Every now and then I see a thread about "prime focus" imaging. I thought it might be good to point out that what imagers do at "Prime Focus" is not actually done at "Prime Focus" of the telescope. Now, I realize that this is just a little quibble, but imagers have their own special meaning for this term that is not shared by the larger world of telescope designers and makers, and astronomy in general.

Rarely do imagers use newts or sct's at "Prime focus." In the strict sense of the word, the prime focus of any telescope is where the rays of light from the main objective come to focus. In a newt, this is directly in front of the primary mirror--someplace further out than where we put the secondary.

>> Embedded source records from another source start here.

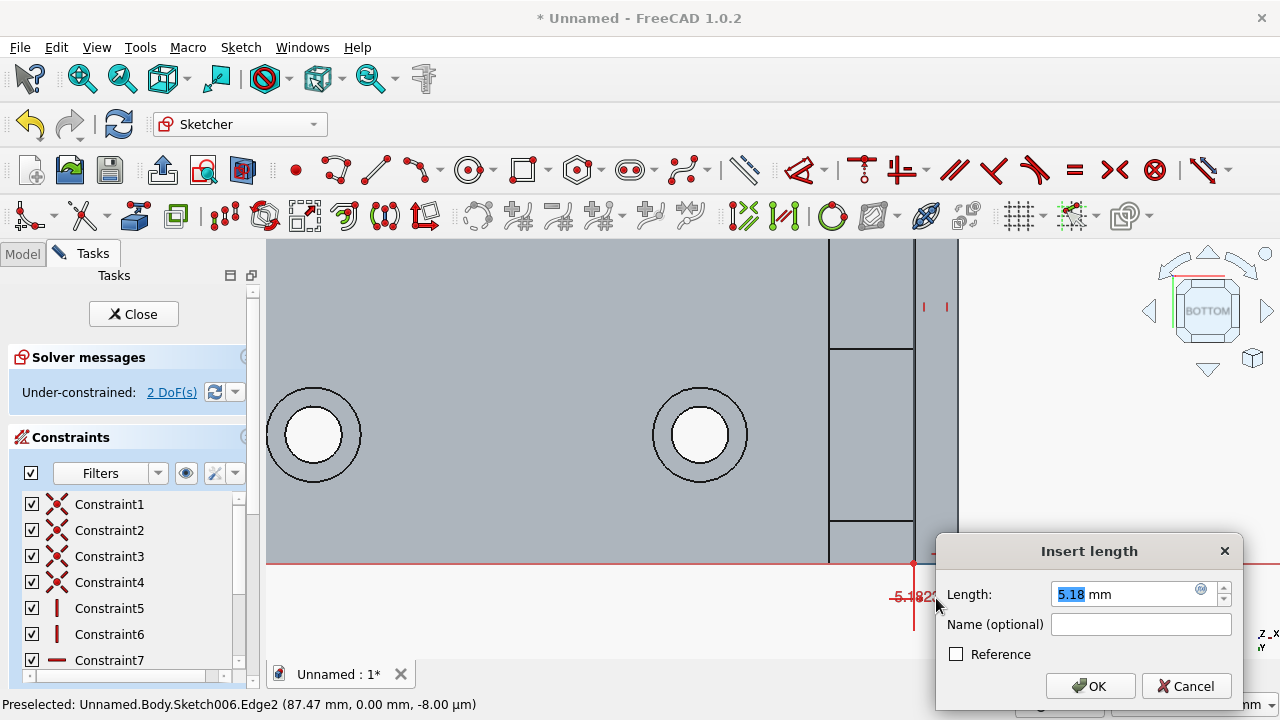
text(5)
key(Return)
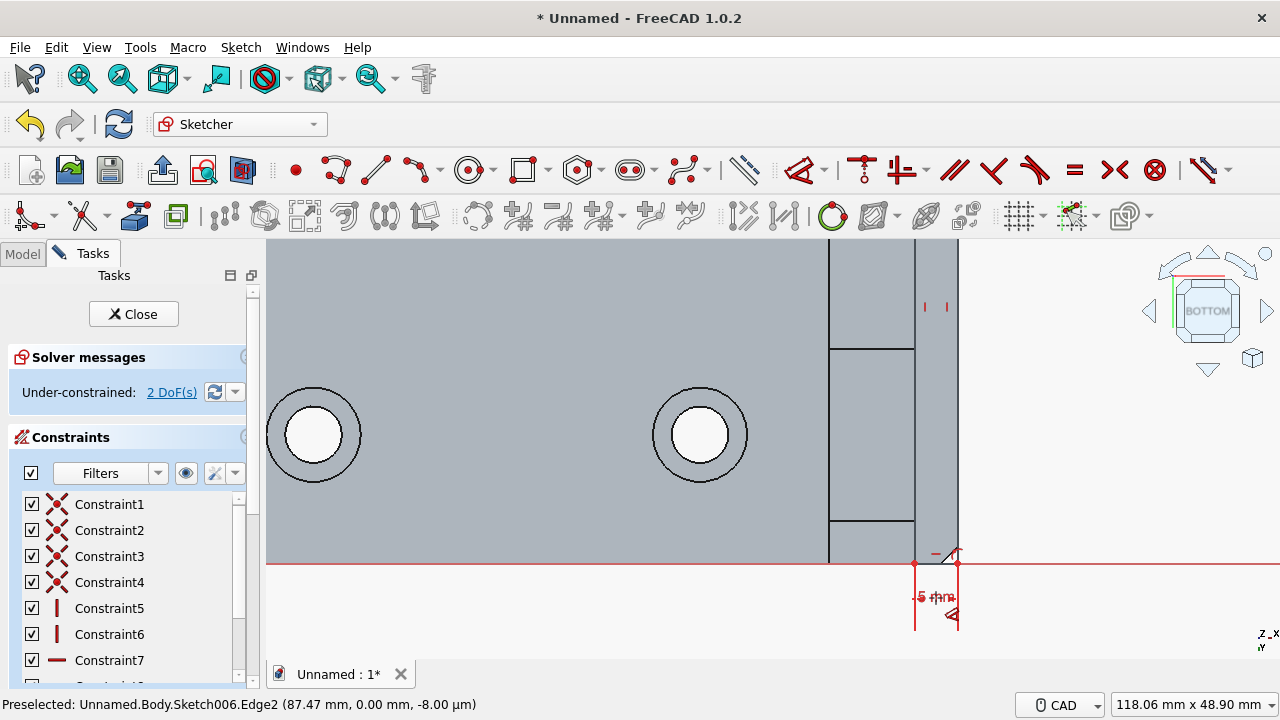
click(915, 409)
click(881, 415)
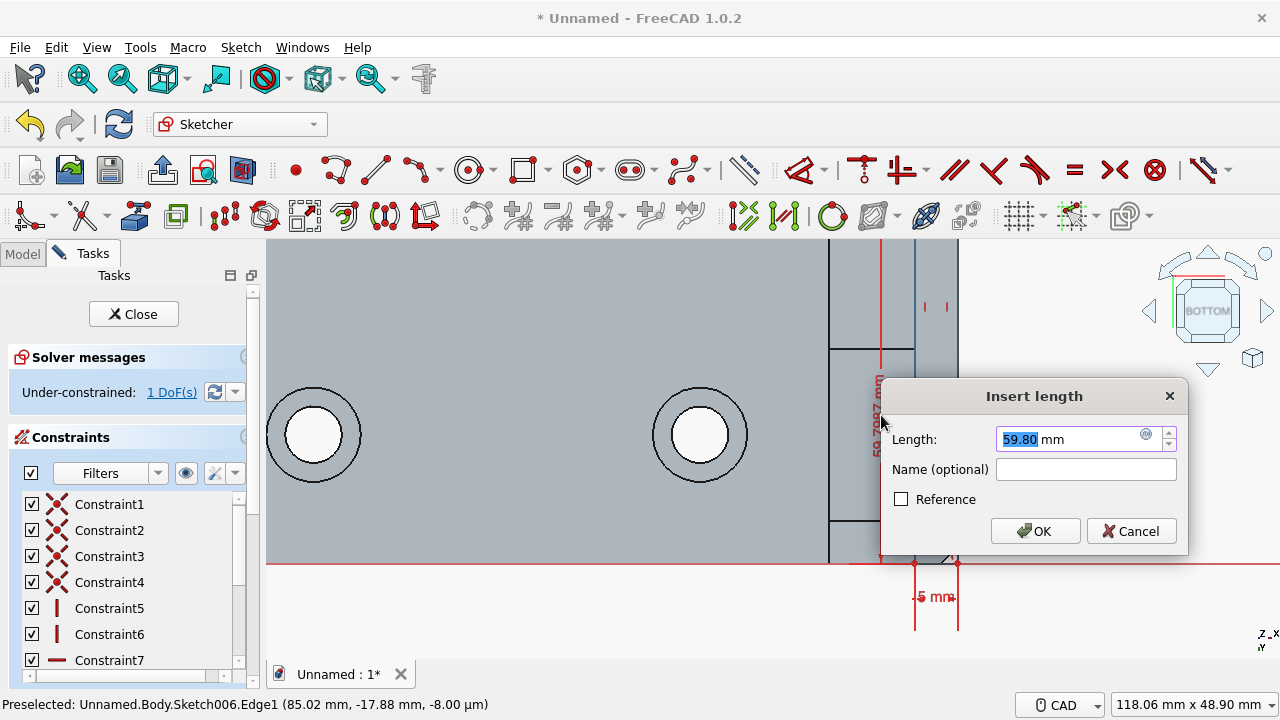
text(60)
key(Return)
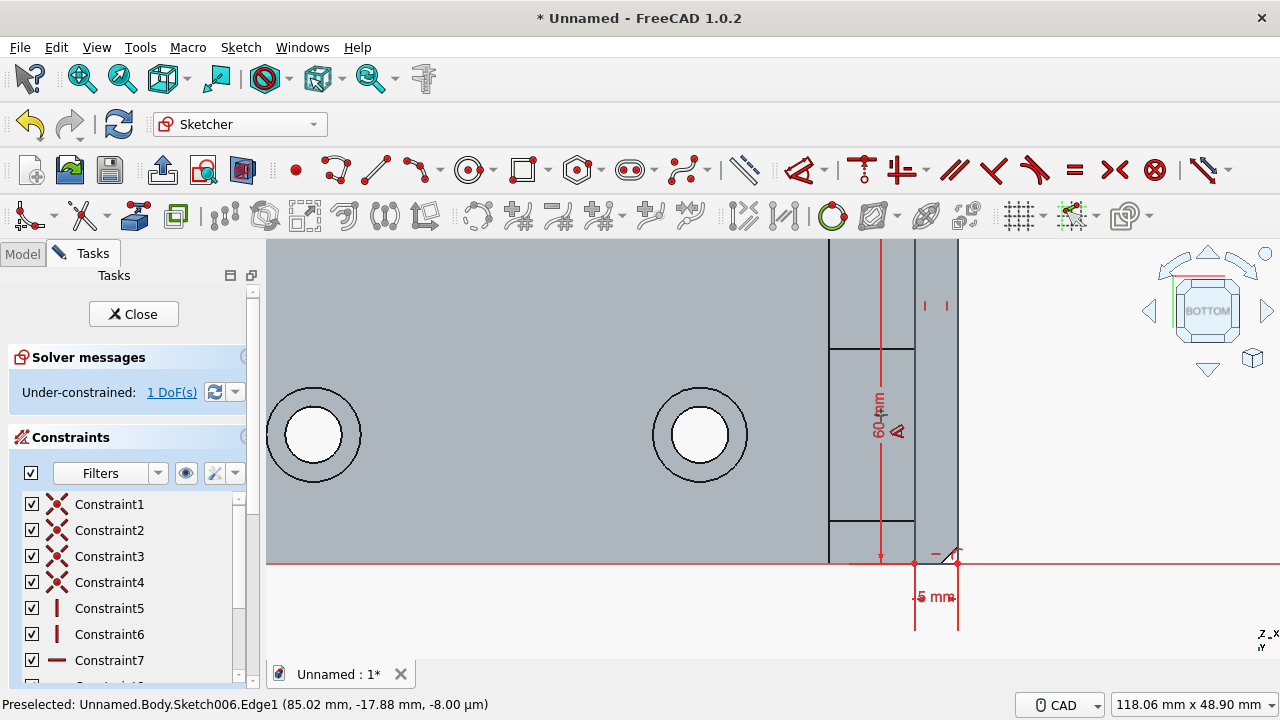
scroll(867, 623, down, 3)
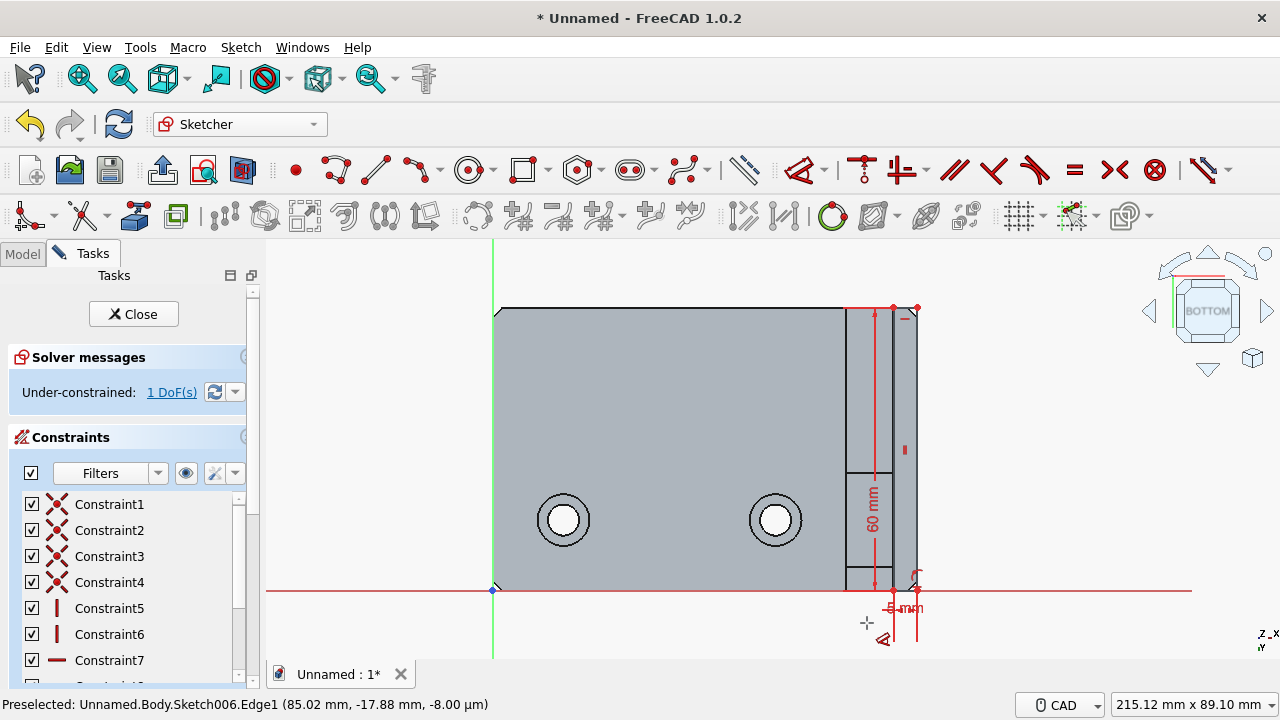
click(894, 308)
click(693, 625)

In a Cassegrain it is also someplace in FRONT of the primary mirror---not behind it, where we usually put an eyepiece or camera to collect the light bouncing off a secondary. And in a refractor, it is right at the end of the tube before we put in a diagonal or any other optic. Of course, putting your camera or eyepiece in this position in a newt or SCT causes problems.....your head (or camera) is in the light path!!!!! So, newts have a secondary mirror that reflects the light out the side. Cassegrains (like SCT's) have a secondary that reflects the light back and down through a hole in the primary. When you put a sensor there to catch the light off the secondary, you are no longer at "prime focus." (At least to the Amateur telescope maker or the fanciest of telescope designers. You are at "prime focus" only for the imager---who has taken the term over from the original meaning.) Many of the large telescopes in the world have several different "Focus" points---- Newtonian, Cassegrain, Nasmyth, Coude and other places where they can put a camera and collect the light. The important thing about "prime focus" is that there is no optic, including secondary mirrors, besides the primary objective (lens or mirror) affecting the light.

Now, before we start a long thread on the meaning of "prime focus." I must say-----Imagers have their own meaning for the term. They simply mean there is no eyepiece, Barlow, focal reducer, field flattener, para-corr, or other optic in the way. Some go even further and use the term even when there is another optic in the way (such as an internal field flattener or other optic as you find in some astrographs, or a Televue NP 101, etc.....). For these, as long as the camera is just sitting at the end of the focuser tube it is called "Prime Focus."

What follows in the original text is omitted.